▶ _HOW TO COMPLETE THIS TASK_: In the listing, determine how many lines contain "area". The reply is that number alone.

▶ _DATA RECORDS_:
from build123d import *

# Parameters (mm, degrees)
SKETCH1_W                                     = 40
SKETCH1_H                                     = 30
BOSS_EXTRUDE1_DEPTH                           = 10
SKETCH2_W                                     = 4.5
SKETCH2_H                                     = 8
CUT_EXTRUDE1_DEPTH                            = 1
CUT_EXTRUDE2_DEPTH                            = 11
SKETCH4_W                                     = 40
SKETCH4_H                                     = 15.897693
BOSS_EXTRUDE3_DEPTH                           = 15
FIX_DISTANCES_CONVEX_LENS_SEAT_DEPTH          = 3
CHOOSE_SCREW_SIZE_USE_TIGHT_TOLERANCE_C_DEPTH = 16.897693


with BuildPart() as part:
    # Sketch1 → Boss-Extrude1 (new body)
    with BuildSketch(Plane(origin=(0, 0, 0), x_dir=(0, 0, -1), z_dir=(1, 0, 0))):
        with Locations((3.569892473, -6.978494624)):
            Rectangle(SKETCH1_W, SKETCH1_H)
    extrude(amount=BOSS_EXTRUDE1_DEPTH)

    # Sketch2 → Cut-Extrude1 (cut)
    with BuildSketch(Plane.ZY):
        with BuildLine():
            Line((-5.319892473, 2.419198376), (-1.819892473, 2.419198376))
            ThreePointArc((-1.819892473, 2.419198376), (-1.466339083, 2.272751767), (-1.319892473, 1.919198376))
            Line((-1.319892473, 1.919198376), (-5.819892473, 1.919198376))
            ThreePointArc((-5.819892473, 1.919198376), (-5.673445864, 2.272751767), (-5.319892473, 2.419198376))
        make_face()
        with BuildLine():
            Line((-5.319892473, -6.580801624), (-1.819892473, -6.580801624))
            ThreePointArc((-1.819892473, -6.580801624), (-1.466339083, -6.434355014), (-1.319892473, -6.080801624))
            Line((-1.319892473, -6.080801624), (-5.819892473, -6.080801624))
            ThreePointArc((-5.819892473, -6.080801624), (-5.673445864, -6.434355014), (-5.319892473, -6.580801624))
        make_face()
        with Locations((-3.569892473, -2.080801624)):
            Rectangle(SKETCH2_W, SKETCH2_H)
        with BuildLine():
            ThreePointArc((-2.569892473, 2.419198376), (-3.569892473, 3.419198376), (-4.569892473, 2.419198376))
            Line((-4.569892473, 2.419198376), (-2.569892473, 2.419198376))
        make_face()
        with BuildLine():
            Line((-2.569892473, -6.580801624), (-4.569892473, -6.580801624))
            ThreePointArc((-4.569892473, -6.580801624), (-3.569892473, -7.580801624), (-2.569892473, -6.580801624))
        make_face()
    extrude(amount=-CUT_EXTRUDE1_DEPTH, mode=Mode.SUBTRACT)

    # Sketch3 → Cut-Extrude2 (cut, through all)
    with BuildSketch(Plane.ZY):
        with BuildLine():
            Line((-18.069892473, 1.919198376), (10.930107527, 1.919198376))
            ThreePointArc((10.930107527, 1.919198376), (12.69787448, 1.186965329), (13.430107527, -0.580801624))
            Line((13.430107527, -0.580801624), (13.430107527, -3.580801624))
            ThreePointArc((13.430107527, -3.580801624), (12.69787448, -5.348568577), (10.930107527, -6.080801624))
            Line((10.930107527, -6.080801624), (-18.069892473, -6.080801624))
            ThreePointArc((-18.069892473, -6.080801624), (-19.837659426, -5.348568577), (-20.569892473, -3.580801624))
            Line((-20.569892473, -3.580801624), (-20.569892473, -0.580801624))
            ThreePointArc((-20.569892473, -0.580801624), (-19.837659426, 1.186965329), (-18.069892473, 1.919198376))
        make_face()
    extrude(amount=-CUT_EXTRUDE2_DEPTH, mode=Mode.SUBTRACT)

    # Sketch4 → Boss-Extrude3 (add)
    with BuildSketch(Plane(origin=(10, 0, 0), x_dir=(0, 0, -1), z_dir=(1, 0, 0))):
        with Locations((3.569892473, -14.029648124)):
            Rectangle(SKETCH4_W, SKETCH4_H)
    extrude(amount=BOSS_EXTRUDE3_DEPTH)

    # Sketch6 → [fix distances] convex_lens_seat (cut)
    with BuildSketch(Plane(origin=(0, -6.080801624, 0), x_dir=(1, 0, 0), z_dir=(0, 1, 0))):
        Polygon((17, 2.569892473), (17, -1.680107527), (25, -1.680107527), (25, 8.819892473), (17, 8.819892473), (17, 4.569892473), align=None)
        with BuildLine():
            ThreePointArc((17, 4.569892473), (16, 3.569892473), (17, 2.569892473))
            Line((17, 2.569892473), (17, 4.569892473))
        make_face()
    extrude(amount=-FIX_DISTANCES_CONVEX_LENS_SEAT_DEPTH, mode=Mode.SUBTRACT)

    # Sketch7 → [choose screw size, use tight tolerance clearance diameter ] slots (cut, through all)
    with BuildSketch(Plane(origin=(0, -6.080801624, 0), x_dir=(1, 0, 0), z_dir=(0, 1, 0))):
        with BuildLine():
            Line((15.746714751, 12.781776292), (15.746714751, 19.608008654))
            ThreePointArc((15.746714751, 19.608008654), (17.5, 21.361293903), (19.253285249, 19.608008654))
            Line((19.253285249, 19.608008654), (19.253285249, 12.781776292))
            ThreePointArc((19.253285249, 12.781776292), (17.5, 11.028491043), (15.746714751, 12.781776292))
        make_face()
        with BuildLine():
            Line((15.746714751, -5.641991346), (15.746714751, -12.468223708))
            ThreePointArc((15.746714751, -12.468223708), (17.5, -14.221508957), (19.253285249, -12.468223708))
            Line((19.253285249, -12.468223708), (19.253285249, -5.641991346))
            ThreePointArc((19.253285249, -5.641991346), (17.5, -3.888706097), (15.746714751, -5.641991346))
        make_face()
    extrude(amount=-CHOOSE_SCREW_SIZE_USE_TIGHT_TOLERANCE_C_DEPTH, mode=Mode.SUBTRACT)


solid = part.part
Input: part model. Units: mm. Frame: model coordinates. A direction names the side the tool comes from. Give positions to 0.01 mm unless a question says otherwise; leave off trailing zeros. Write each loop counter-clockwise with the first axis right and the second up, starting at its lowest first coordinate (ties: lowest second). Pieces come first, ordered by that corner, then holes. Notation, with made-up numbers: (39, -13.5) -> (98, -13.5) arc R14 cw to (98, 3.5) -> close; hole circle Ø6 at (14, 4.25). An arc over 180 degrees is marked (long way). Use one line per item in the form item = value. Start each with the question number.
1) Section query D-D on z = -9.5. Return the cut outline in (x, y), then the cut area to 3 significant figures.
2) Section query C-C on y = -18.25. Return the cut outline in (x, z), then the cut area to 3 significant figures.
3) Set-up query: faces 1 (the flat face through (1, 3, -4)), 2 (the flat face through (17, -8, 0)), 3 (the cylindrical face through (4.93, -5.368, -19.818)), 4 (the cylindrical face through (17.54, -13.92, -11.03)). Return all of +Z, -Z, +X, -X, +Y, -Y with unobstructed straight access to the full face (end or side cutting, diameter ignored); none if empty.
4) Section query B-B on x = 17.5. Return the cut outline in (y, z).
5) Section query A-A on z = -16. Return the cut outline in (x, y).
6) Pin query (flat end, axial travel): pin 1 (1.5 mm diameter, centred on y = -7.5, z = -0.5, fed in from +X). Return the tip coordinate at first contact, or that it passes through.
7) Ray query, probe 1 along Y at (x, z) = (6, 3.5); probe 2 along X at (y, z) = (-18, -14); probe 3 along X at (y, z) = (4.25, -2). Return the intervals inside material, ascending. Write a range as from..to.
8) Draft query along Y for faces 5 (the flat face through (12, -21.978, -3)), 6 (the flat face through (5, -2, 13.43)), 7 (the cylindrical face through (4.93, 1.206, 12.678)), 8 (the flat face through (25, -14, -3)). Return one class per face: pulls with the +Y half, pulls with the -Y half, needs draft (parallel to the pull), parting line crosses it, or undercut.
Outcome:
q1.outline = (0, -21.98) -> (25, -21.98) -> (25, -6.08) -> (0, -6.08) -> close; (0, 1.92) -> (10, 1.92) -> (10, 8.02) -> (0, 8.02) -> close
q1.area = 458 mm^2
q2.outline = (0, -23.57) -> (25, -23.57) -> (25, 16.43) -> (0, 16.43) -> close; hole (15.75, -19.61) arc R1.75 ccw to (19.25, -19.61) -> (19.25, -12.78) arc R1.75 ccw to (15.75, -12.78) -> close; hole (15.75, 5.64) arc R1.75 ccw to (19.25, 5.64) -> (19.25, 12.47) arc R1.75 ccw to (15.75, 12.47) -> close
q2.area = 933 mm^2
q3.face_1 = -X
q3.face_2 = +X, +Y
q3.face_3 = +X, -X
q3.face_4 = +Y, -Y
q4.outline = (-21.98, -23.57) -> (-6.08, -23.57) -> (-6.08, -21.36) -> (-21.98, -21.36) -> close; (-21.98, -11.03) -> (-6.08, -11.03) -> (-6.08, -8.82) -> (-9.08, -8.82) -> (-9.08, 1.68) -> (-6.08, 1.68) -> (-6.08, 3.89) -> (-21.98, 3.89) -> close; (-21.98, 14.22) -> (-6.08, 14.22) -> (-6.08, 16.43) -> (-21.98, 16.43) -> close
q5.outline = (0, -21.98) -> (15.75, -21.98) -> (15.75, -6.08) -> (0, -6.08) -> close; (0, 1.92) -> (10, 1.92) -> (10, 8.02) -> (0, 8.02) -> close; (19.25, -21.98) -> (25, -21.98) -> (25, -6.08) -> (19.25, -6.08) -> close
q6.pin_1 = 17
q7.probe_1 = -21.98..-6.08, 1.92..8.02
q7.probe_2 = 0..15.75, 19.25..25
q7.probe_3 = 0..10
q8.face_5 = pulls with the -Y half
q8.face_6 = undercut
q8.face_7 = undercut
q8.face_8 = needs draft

▶ _EXPECTED ANSWER_: 4